Ojalá cada uno pueda profundizar personalmente esta carta. Después sería bueno dedicar un buen tiempo en
comunidad para orar y conversar sobre estos temas. Que no tengamos miedo de ayudarnos como hermanos
y compañeros en este camino de conversión. Tal vez puede ser tema de retiros mensuales y formar parte de
los ejercicios espirituales para alimentar con ella su vida interior.
Todo este trabajo personal y comunitario nos prepara para la gran misión común que tenemos por delante. El
hombre de hoy y de siempre necesita ver, escuchar y aprender de otros hombres que han sobrevivido a las
pruebas de la vida; apóstoles, como los primeros, que han sufrido como ellos y que han perseverado en la
batalla de la vida.
Termino con esta cita del papa Francisco quien –tengo la certeza– nos acompaña con sus oraciones
(Gaudete et exultate, 130):
¡Cuántas veces nos sentimos tironeados a quedarnos en la comodidad de la orilla!

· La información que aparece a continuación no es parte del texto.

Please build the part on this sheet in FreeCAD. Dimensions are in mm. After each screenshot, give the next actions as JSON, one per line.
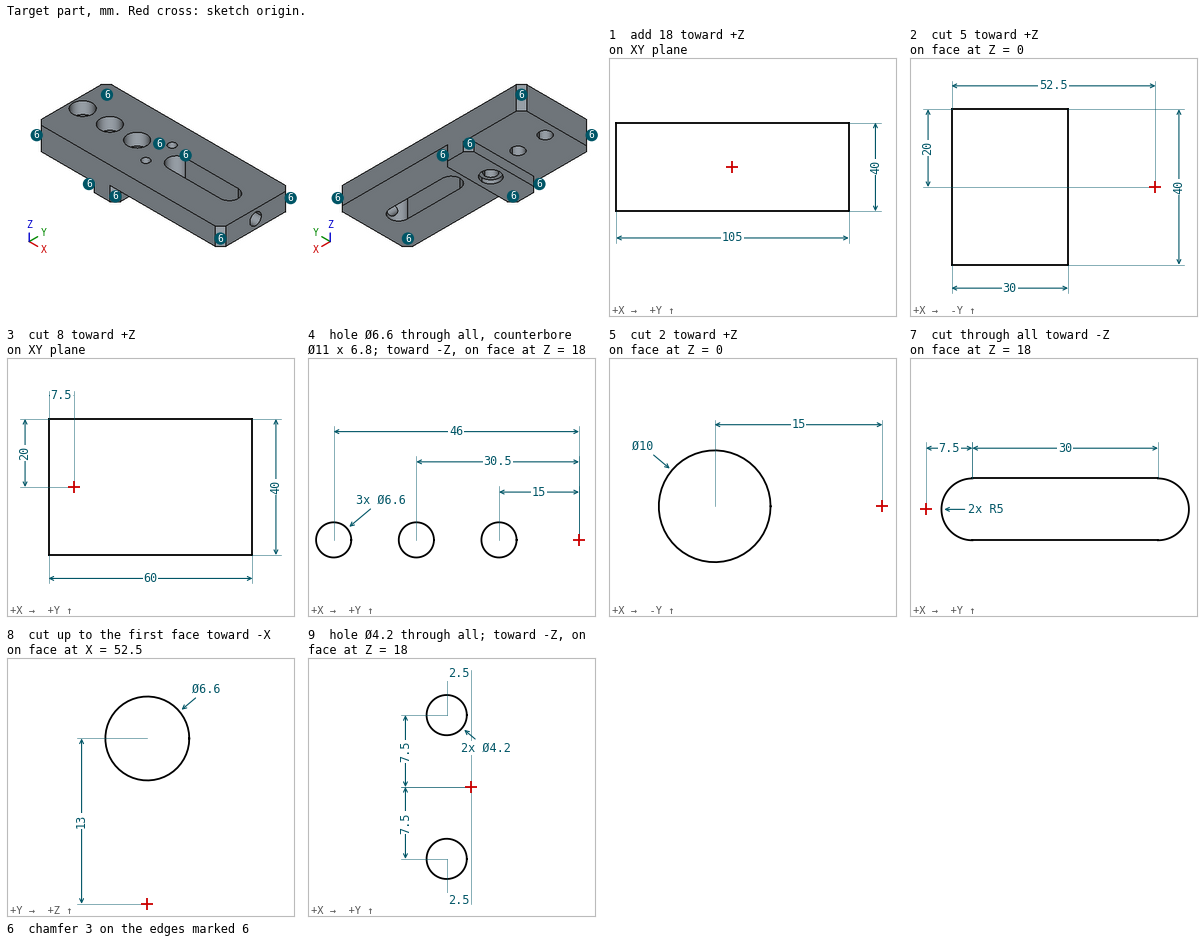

Pero el Señor nos llama para navegar mar adentro y arrojar las redes en aguas más
profundas (cf. Lc 5,4). Nos invita a gastar nuestra vida en su servicio. Aferrados a él
nos animamos a poner todos nuestros carismas al servicio de los otros. Ojalá nos
sintamos apremiados por su amor (cf. 2 Co 5,14) y podamos decir con san
Pablo: “¡Ay de mí si no anuncio el Evangelio!” (1 Co 9,16).